— WORK REQUIRED —
I need the lines below from the one with "Reply with lines" down to the one with "- toy car [79,107,91,125]" reproduced exactly, both ends included, and nothing else.

Records from a dataset
_ _ _
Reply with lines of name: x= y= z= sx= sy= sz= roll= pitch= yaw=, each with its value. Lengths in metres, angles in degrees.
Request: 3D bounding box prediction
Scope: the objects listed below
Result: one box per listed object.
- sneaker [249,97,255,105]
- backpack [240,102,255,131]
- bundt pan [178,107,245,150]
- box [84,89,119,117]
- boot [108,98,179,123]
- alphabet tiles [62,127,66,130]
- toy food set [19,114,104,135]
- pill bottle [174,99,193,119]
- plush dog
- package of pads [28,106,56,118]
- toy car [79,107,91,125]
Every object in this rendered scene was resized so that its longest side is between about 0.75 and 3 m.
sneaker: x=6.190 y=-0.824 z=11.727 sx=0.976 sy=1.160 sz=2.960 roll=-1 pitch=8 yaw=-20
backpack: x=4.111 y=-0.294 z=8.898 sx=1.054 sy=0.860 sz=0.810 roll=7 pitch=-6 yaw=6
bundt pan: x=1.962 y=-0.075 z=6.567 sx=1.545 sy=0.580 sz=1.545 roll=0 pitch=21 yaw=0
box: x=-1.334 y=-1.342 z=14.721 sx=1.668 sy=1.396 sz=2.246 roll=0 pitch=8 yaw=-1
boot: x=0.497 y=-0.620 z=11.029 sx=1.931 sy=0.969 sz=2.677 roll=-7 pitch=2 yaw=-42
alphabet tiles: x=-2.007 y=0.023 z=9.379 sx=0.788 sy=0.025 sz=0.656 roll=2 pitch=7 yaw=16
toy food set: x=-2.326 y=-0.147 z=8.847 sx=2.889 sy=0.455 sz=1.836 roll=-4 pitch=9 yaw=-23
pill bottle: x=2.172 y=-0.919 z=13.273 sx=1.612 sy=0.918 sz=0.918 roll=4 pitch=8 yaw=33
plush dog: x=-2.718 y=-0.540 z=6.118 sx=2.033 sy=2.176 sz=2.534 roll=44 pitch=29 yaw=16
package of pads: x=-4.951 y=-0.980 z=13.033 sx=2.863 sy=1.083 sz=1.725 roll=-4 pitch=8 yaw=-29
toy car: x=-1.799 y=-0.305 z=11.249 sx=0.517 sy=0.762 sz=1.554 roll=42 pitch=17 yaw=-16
_ _ _
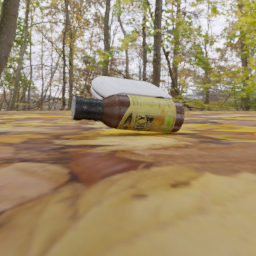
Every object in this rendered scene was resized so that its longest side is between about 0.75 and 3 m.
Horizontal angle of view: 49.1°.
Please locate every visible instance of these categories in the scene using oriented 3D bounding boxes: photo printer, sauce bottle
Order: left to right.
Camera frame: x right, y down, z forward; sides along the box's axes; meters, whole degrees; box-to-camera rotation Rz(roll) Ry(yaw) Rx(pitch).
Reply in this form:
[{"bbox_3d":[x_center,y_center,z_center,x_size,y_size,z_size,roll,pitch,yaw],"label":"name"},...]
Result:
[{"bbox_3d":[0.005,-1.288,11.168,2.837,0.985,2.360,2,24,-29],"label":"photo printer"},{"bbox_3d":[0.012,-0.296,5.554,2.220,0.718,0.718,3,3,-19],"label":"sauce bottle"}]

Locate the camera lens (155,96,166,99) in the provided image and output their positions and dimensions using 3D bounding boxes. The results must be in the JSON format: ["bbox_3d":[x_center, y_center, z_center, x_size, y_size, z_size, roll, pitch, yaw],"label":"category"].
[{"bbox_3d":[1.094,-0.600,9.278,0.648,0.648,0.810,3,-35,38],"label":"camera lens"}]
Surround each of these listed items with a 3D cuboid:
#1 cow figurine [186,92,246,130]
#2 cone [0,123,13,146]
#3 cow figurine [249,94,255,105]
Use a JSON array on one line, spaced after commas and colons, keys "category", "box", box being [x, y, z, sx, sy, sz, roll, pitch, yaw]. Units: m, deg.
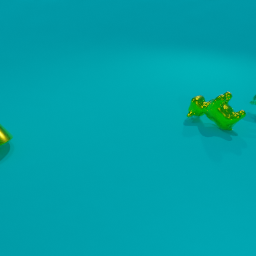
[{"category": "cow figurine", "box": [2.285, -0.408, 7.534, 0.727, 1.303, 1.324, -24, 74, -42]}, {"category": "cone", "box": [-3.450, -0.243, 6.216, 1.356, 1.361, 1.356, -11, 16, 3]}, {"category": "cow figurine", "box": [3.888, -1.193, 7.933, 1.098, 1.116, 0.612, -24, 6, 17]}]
_ _ _
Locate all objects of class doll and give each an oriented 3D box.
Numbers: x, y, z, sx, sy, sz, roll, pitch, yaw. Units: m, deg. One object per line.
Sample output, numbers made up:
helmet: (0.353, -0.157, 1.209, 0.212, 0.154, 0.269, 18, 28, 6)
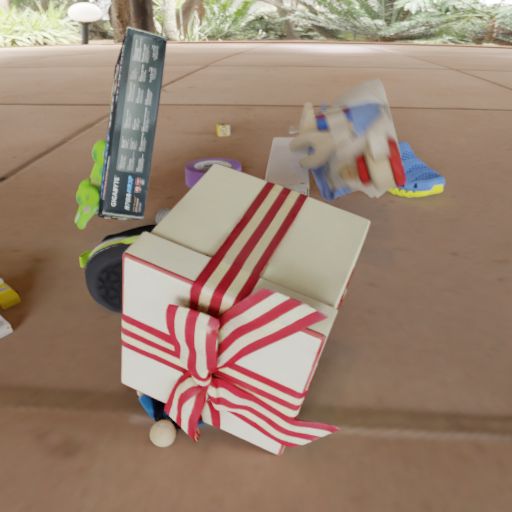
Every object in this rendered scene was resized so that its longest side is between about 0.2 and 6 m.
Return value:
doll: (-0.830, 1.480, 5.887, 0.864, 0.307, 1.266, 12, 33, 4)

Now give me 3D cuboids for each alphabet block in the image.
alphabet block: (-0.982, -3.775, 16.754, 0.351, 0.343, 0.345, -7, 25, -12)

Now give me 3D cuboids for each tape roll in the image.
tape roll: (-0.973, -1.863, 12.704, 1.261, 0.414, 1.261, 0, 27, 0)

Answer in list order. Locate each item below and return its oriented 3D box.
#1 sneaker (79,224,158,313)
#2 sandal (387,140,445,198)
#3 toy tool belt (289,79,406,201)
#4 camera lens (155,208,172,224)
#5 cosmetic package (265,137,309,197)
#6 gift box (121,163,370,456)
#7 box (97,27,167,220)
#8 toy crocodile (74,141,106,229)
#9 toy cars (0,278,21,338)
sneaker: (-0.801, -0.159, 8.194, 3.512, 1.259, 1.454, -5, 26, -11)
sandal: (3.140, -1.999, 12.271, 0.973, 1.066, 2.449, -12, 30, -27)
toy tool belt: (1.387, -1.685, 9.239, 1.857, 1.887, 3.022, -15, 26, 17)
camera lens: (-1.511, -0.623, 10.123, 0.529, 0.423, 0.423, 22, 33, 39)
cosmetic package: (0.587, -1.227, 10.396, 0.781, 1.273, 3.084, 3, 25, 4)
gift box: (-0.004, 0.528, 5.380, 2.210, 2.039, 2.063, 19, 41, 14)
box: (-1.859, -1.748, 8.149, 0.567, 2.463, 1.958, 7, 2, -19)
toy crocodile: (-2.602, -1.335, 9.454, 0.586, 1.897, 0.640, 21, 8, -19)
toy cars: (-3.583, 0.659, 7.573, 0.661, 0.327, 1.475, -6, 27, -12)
_ _ _
— REPLY TO THE TASK —
Reply with lines of name: x= y= z= sx= sy= sz= roll= pitch= yaw=, each with its value. Lengths in metres, angles in degrees.
Request: 3D bounding box prediction
Scope: the objects listed below
Result: one box per listed object.
- sneaker [249,97,255,105]
- backpack [240,102,255,131]
- bundt pan [178,107,245,150]
- box [84,89,119,117]
- boot [108,98,179,123]
- alphabet tiles [62,127,66,130]
- toy food set [19,114,104,135]
- pill bottle [174,99,193,119]
- plush dog
- package of pads [28,106,56,118]
- toy car [79,107,91,125]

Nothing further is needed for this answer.